What is expected:
Could you give the whole listing again, exactly as it reads?

Available data:
= = =

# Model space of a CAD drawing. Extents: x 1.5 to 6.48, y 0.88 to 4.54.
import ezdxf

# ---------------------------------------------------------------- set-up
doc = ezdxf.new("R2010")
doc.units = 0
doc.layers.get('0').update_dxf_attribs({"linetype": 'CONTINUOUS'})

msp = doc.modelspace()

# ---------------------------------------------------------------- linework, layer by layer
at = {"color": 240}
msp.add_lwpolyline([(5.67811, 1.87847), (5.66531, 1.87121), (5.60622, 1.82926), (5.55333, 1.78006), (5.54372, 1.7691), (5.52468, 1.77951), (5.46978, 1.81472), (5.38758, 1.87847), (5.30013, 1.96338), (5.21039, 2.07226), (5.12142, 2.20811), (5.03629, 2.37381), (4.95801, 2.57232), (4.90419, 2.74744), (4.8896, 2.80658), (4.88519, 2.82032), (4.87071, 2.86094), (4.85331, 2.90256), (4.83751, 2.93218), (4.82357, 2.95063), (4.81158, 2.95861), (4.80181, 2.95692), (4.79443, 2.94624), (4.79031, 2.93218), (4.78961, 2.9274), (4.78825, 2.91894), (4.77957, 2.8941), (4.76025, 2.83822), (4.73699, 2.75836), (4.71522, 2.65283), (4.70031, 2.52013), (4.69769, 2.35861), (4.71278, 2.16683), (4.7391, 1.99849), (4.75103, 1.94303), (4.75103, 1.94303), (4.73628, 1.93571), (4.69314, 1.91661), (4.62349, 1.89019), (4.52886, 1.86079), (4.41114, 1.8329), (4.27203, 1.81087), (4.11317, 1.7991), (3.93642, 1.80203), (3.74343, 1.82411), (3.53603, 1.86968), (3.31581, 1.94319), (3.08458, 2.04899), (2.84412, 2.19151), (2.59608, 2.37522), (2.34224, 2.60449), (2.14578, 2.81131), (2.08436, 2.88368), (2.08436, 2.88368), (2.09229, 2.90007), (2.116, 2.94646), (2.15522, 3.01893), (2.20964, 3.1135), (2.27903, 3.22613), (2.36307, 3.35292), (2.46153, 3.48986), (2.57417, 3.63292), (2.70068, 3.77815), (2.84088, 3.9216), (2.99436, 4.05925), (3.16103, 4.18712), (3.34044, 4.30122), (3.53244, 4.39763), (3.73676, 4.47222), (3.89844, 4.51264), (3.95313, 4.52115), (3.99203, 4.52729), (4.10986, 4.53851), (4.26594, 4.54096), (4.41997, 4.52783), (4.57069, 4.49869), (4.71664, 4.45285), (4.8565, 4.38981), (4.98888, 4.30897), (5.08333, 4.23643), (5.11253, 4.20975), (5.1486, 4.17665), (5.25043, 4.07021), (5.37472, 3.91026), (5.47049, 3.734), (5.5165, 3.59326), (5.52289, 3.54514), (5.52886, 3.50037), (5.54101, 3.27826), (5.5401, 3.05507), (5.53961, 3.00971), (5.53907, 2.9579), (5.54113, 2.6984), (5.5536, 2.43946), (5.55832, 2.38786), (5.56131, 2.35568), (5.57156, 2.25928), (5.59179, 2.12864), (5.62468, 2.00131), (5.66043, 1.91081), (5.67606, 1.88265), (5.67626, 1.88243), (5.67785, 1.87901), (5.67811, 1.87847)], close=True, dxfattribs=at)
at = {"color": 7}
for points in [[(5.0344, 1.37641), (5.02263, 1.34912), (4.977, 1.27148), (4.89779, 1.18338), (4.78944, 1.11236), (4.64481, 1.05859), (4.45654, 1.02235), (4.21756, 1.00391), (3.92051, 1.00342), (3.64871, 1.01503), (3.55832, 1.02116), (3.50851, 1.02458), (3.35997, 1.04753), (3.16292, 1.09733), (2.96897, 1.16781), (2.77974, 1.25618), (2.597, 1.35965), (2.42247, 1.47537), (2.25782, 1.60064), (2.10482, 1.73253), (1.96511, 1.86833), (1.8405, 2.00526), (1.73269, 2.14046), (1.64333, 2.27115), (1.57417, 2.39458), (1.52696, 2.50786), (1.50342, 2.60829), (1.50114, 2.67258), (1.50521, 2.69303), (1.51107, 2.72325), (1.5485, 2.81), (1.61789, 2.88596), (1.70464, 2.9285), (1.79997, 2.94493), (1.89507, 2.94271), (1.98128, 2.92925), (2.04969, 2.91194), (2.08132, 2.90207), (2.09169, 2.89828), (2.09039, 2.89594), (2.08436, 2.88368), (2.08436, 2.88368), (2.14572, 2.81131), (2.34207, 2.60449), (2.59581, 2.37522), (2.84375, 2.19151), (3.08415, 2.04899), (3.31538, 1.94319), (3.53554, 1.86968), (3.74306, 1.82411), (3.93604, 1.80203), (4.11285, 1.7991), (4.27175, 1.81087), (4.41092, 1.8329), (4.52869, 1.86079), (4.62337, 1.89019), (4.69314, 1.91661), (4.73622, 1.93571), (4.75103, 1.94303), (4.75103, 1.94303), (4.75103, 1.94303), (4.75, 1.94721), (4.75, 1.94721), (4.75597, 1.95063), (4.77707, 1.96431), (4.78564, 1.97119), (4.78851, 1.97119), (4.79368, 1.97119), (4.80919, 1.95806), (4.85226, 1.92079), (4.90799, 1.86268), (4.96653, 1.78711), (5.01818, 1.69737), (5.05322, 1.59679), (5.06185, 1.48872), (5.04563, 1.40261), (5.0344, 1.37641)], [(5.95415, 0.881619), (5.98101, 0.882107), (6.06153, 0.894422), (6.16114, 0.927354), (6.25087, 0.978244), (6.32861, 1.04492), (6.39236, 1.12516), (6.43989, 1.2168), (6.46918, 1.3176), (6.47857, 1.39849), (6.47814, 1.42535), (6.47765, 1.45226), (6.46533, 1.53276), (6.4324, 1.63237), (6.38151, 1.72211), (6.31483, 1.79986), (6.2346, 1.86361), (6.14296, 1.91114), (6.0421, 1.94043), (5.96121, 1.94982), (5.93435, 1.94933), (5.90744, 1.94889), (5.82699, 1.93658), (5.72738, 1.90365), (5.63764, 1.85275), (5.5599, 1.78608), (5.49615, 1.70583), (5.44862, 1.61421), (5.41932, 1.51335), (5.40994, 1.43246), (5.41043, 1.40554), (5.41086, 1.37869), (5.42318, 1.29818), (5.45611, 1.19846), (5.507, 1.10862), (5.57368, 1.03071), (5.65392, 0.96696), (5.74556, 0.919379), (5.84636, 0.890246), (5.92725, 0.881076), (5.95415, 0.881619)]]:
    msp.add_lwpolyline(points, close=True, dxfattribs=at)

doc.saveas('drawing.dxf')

= = =

Output below:
# Model space of a CAD drawing. Extents: x 1.5 to 6.48, y 0.88 to 4.54.
import ezdxf

# ---------------------------------------------------------------- set-up
doc = ezdxf.new("R2010")
doc.units = 0
doc.layers.get('0').update_dxf_attribs({"linetype": 'CONTINUOUS'})

msp = doc.modelspace()

# ---------------------------------------------------------------- linework, layer by layer
at = {"color": 240}
msp.add_lwpolyline([(5.67811, 1.87847), (5.66531, 1.87121), (5.60622, 1.82926), (5.55333, 1.78006), (5.54372, 1.7691), (5.52468, 1.77951), (5.46978, 1.81472), (5.38758, 1.87847), (5.30013, 1.96338), (5.21039, 2.07226), (5.12142, 2.20811), (5.03629, 2.37381), (4.95801, 2.57232), (4.90419, 2.74744), (4.8896, 2.80658), (4.88519, 2.82032), (4.87071, 2.86094), (4.85331, 2.90256), (4.83751, 2.93218), (4.82357, 2.95063), (4.81158, 2.95861), (4.80181, 2.95692), (4.79443, 2.94624), (4.79031, 2.93218), (4.78961, 2.9274), (4.78825, 2.91894), (4.77957, 2.8941), (4.76025, 2.83822), (4.73699, 2.75836), (4.71522, 2.65283), (4.70031, 2.52013), (4.69769, 2.35861), (4.71278, 2.16683), (4.7391, 1.99849), (4.75103, 1.94303), (4.75103, 1.94303), (4.73628, 1.93571), (4.69314, 1.91661), (4.62349, 1.89019), (4.52886, 1.86079), (4.41114, 1.8329), (4.27203, 1.81087), (4.11317, 1.7991), (3.93642, 1.80203), (3.74343, 1.82411), (3.53603, 1.86968), (3.31581, 1.94319), (3.08458, 2.04899), (2.84412, 2.19151), (2.59608, 2.37522), (2.34224, 2.60449), (2.14578, 2.81131), (2.08436, 2.88368), (2.08436, 2.88368), (2.09229, 2.90007), (2.116, 2.94646), (2.15522, 3.01893), (2.20964, 3.1135), (2.27903, 3.22613), (2.36307, 3.35292), (2.46153, 3.48986), (2.57417, 3.63292), (2.70068, 3.77815), (2.84088, 3.9216), (2.99436, 4.05925), (3.16103, 4.18712), (3.34044, 4.30122), (3.53244, 4.39763), (3.73676, 4.47222), (3.89844, 4.51264), (3.95313, 4.52115), (3.99203, 4.52729), (4.10986, 4.53851), (4.26594, 4.54096), (4.41997, 4.52783), (4.57069, 4.49869), (4.71664, 4.45285), (4.8565, 4.38981), (4.98888, 4.30897), (5.08333, 4.23643), (5.11253, 4.20975), (5.1486, 4.17665), (5.25043, 4.07021), (5.37472, 3.91026), (5.47049, 3.734), (5.5165, 3.59326), (5.52289, 3.54514), (5.52886, 3.50037), (5.54101, 3.27826), (5.5401, 3.05507), (5.53961, 3.00971), (5.53907, 2.9579), (5.54113, 2.6984), (5.5536, 2.43946), (5.55832, 2.38786), (5.56131, 2.35568), (5.57156, 2.25928), (5.59179, 2.12864), (5.62468, 2.00131), (5.66043, 1.91081), (5.67606, 1.88265), (5.67626, 1.88243), (5.67785, 1.87901), (5.67811, 1.87847)], close=True, dxfattribs=at)
at = {"color": 7}
for points in [[(5.0344, 1.37641), (5.02263, 1.34912), (4.977, 1.27148), (4.89779, 1.18338), (4.78944, 1.11236), (4.64481, 1.05859), (4.45654, 1.02235), (4.21756, 1.00391), (3.92051, 1.00342), (3.64871, 1.01503), (3.55832, 1.02116), (3.50851, 1.02458), (3.35997, 1.04753), (3.16292, 1.09733), (2.96897, 1.16781), (2.77974, 1.25618), (2.597, 1.35965), (2.42247, 1.47537), (2.25782, 1.60064), (2.10482, 1.73253), (1.96511, 1.86833), (1.8405, 2.00526), (1.73269, 2.14046), (1.64333, 2.27115), (1.57417, 2.39458), (1.52696, 2.50786), (1.50342, 2.60829), (1.50114, 2.67258), (1.50521, 2.69303), (1.51107, 2.72325), (1.5485, 2.81), (1.61789, 2.88596), (1.70464, 2.9285), (1.79997, 2.94493), (1.89507, 2.94271), (1.98128, 2.92925), (2.04969, 2.91194), (2.08132, 2.90207), (2.09169, 2.89828), (2.09039, 2.89594), (2.08436, 2.88368), (2.08436, 2.88368), (2.14572, 2.81131), (2.34207, 2.60449), (2.59581, 2.37522), (2.84375, 2.19151), (3.08415, 2.04899), (3.31538, 1.94319), (3.53554, 1.86968), (3.74306, 1.82411), (3.93604, 1.80203), (4.11285, 1.7991), (4.27175, 1.81087), (4.41092, 1.8329), (4.52869, 1.86079), (4.62337, 1.89019), (4.69314, 1.91661), (4.73622, 1.93571), (4.75103, 1.94303), (4.75103, 1.94303), (4.75103, 1.94303), (4.75, 1.94721), (4.75, 1.94721), (4.75597, 1.95063), (4.77707, 1.96431), (4.78564, 1.97119), (4.78851, 1.97119), (4.79368, 1.97119), (4.80919, 1.95806), (4.85226, 1.92079), (4.90799, 1.86268), (4.96653, 1.78711), (5.01818, 1.69737), (5.05322, 1.59679), (5.06185, 1.48872), (5.04563, 1.40261), (5.0344, 1.37641)], [(5.95415, 0.881619), (5.98101, 0.882107), (6.06153, 0.894422), (6.16114, 0.927354), (6.25087, 0.978244), (6.32861, 1.04492), (6.39236, 1.12516), (6.43989, 1.2168), (6.46918, 1.3176), (6.47857, 1.39849), (6.47814, 1.42535), (6.47765, 1.45226), (6.46533, 1.53276), (6.4324, 1.63237), (6.38151, 1.72211), (6.31483, 1.79986), (6.2346, 1.86361), (6.14296, 1.91114), (6.0421, 1.94043), (5.96121, 1.94982), (5.93435, 1.94933), (5.90744, 1.94889), (5.82699, 1.93658), (5.72738, 1.90365), (5.63764, 1.85275), (5.5599, 1.78608), (5.49615, 1.70583), (5.44862, 1.61421), (5.41932, 1.51335), (5.40994, 1.43246), (5.41043, 1.40554), (5.41086, 1.37869), (5.42318, 1.29818), (5.45611, 1.19846), (5.507, 1.10862), (5.57368, 1.03071), (5.65392, 0.96696), (5.74556, 0.919379), (5.84636, 0.890246), (5.92725, 0.881076), (5.95415, 0.881619)]]:
    msp.add_lwpolyline(points, close=True, dxfattribs=at)

doc.saveas('drawing.dxf')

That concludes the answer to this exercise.